Священник, улыбаясь, посмотрел на Люсьена и чрезвычайно любезно, с усмешкой почти иронической сказал ему:
— Алмаз не знает себе цены.
— Только священник способен льстить несчастному, готовому умереть!.. — вскричал Люсьен.
— Вы не умрете, — властно сказал испанец.
— Мне доводилось слышать, — возразил Люсьен, — что на большой дороге людей грабят, но что их там обогащают, этого я не знал.

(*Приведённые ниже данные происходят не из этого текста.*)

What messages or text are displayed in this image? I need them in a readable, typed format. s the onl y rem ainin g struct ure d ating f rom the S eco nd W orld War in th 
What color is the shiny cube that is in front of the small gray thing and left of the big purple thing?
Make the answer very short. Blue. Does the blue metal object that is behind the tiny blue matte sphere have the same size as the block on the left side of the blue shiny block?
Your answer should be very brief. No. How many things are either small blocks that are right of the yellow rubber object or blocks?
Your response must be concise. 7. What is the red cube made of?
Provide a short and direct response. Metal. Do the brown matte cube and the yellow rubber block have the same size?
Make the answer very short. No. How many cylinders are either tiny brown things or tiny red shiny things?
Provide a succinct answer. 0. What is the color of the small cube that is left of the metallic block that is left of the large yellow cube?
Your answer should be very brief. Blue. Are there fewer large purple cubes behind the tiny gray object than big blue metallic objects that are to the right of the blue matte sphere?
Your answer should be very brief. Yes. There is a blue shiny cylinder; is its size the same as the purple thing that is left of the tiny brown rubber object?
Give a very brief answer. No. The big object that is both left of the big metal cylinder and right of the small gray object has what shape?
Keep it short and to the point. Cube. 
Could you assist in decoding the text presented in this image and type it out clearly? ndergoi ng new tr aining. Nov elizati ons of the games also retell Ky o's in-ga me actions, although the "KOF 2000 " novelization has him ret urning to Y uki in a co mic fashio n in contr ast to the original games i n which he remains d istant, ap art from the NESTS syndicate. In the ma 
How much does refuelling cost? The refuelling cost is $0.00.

— Так узнаете, — сказал священник, убедившись, что расстояние, отделявшее их от экипажа, позволяет пройти еще несколько шагов наедине. — Послушайте меня, — сказал он, пожевывая сигару, — бедность еще недостаточная причина для самоубийства. Я нуждаюсь в секретаре. Прежний мой секретарь недавно умер в Барселоне. Я оказался в том же положении, что и барон Герц, знаменитый министр Карла Двенадцатого, который по дороге в Швецию, как я по пути в Париж, очутился в маленьком городке без секретаря. Барон встречает там сына золотых дел мастера, юношу, примечательного своей красотой, бесспорно уступавшей вашей... Барон Герц находит, что молодой человек умен, как и я нахожу, глядя на ваш лоб, что вы поэт, он сажает его в свою карету, как я посажу вас в свою; и этого юношу, обреченного полировать серебряные приборы и шлифовать драгоценные камни в маленьком провинциальном городе вроде Ангулема, он делает своим фаворитом, как я сделаю вас своим. По приезде в Стокгольм он устраивает своего секретаря в министерстве и нагружает его работой. Юный секретарь ночи напролет корпит над бумагами и, как все великие труженики, усваивает дурную привычку: он начинает жевать бумагу. А вот покойный господин де Мальзерб[232]любил подымить свернутой в трубку бумажкой и, замечу в скобках, однажды учинил такой камуфлет с одним человеком, исход дела которого зависел от его доклада: он пустил дым прямо ему в лицо!.. Наш юный красавец начал с чистой бумаги, но вскоре утратил к ней вкус и пристрастился к исписанной, как к более тонкому лакомству. Тогда еще не курили, как нынче. И вот юный секретарь, постепенно входя во вкус, начинает жевать и есть пергамент. В то время Россия и Швеция вели переговоры о мирном договоре, который сейм навязывал Карлу Двенадцатому, как в тысяча восемьсот четырнадцатом году хотели принудить Наполеона вести переговоры о мире. Основой переговоров было соглашение, подписанное обеими державами касательно Финляндии. Герц доверил хранение подлинника своему секретарю, но когда потребовалось представить документ в сейм, встретилось небольшое затруднение: договор исчез. Сейм решает, что министр, потворствуя страстям короля, дерзнул уничтожить документ; против барона Герца возбуждают дело; тогда его секретарь сознается, что он съел договор... Начинается судебное следствие, преступление доказано, секретарь приговорен к смерти. Но вы еще до этого не дошли... Закурите-ка сигару в ожидании нашей коляски...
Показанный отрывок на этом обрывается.